Я с благодарностью смотрю на карточку моего деда, железнодорожника, который тысячи дней и ночей протирал вагонные буксы, чтоб у меня был умный, грамотный отец. Дед умер, не дождавшись, когда отец и дядя Федор закончат учение. Это было в тяжелые годы после гражданской войны, когда горожане бежали от голода в деревню. И бабушка уговорила отца вернуться в деревню на разрушенное войной хозяйство. Дядя Федор уперся и остался там, в Одессе. Там он закончил потом высшую школу, стал гордостью нашей семьи. Правда, и отец мой тоже не сдался! Беда и бабушка научили его хозяйничать, а книгу он и в беде не забыл. Иной раз в десятую деревню ходит за ними. И дядя ходит, и я хожу… Да все это не то, что могло бы быть, часто думаю я, вспоминая о дяде Федоре, о далеком чудесном городе, где он живет.
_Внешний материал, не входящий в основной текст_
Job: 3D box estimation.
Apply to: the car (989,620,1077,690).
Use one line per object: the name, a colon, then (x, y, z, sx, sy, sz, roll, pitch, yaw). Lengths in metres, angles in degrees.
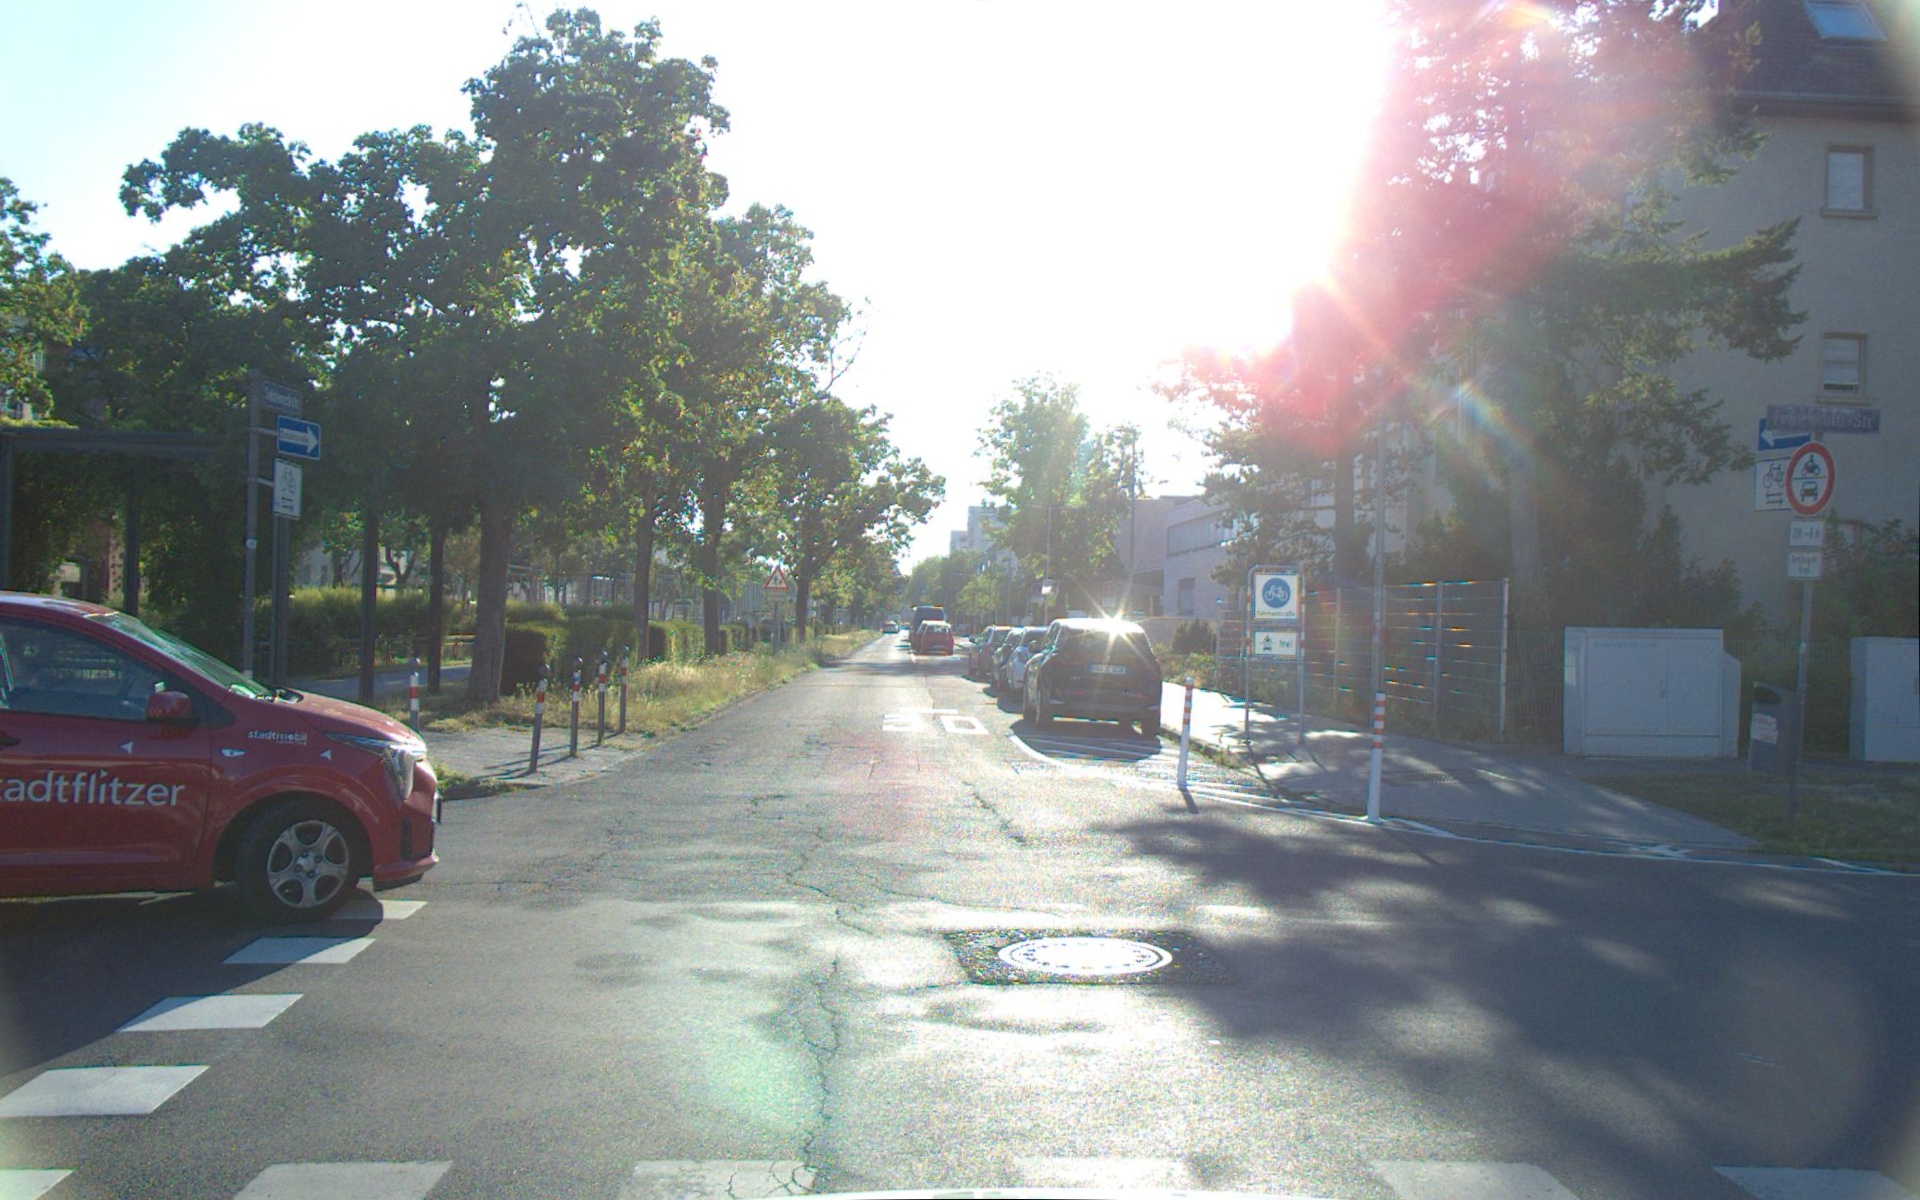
car: (1.675, 1.257, 38.979, 1.695, 1.545, 3.757, 1, -1, -3)

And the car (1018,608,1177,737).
car: (1.986, 1.046, 25.152, 1.781, 1.670, 4.213, 4, -1, -3)

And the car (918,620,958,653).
car: (-1.139, 1.806, 82.896, 1.722, 1.545, 3.756, 1, -1, -5)

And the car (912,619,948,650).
car: (-1.606, 1.807, 87.416, 1.696, 1.545, 3.756, 1, -1, -5)

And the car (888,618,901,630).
car: (-9.122, 3.357, 230.172, 1.828, 1.646, 3.997, 1, -1, -3)

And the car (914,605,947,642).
car: (-1.811, 1.421, 100.563, 1.953, 2.161, 3.998, 1, -1, -2)

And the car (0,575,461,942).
car: (-4.364, 0.682, 7.852, 3.707, 1.553, 1.759, 1, -1, -21)

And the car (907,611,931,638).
car: (-3.449, 2.076, 139.750, 1.953, 2.161, 3.998, 1, -1, -2)

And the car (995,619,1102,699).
car: (1.758, 1.173, 33.984, 1.730, 1.553, 3.769, 0, -1, -4)

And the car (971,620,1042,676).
car: (1.325, 1.371, 48.172, 1.730, 1.553, 3.770, 0, -1, -4)

Я вырос в тяжелом труде и в дружбе с книгой. Я умею уже потратить последний заработанный грош на книгу, чтобы, читая, услышать душевный разговор великих людей о том, как они радовались и страдали в поисках правды и счастья. Теперь, сменив отца и дядю, я читаю вслух дома и на вечерках — молодежи и старикам, я даю книги детям и взрослым, и как я рад слышать потом, что они путешествуют из рук в руки в далекие села! Но все это не то, конечно, что могло бы быть, если б отец не сдался на бабушкины уговоры и не вернулся сюда.
А ведь бабушка, совсем почти неграмотная, слушала эту чудесную мудрую исповедь книг еще тогда, когда меня не было на свете или когда книжка была для меня еще только игрушкой, как для Толика. Кажется, готова приставать, как пристает Нина: читай мне, и все! И до чего же убедительно умеет бабушка просить! Однажды дяде довелось послушать, как она на посиделках пересказывала бабам повесть Чехова «В овраге», и дядя весело рассказывал нам об этом.
Только у матери странное отношение к книге. Правда, она слушает молча, как будто бы с интересом, подчас даже сама читает, но стоит чему-нибудь не заладиться — скажем, заболеет кто-нибудь из нас, детей, или какая нехватка, — и книгам достается. Мама попрекала отца непрактичностью, легкомыслием, тратой денег и времени на пустяки, когда и того и другого не хватает, а люди вон еще и земельку прикупают, стараются…
Нине всего четыре года, книга совсем недавно перестала быть для нее только игрушкой — с тех пор, как она поняла, что в этих черных рядочках букв скрыты сокровища сказок, таких же чудесных, как бабушкины.
Мы перелистываем с ней старую хрестоматию, которая и меня когда-то успокаивала и учила. Нина серьезна. Когда же мы доходим до ее любимого места — сказки Пушкина о рыбаке и рыбке, — девочка начинает рассказывать сама. Она объясняет мне содержание каждой картинки, по-своему причмокивает: «Это вот, это вот…» Только дойдя до последнего рисунка, где ненасытная старуха сидит, опустив голову над разбитым корытом, а простодушный дед стоит над ней, не зная, за что взяться, Нина останавливается и лукаво спрашивает:
— А это что, Алесь?
И знает небось сама, что я повторю ей то же, что говорил не однажды:
— Баба плачет над корытом.
— А дед?
— Что ж дед? Дед ей говорит: «Не плачь, бабка, не плачь, голубка, снесет тебе петушок яичко, не простое, а золотое…»
Нина смеется. А мне так хочется взять ее на колени, даже сказать: «Как хорошо, что ты будешь жить!» Но я говорю:
— Ну, ты теперь попиши, а я, брат, буду рисовать.
— Так достань.
Я достаю ей с полки старый русский букварь, по которому и я учился первой грамоте. Встав на лавку, Нина вынимает из-за иконы тетрадку, которую прячет туда от Толика. Садится за стол и принимается выводить свои крючки и кружочки, усердно размазывая их пальцем.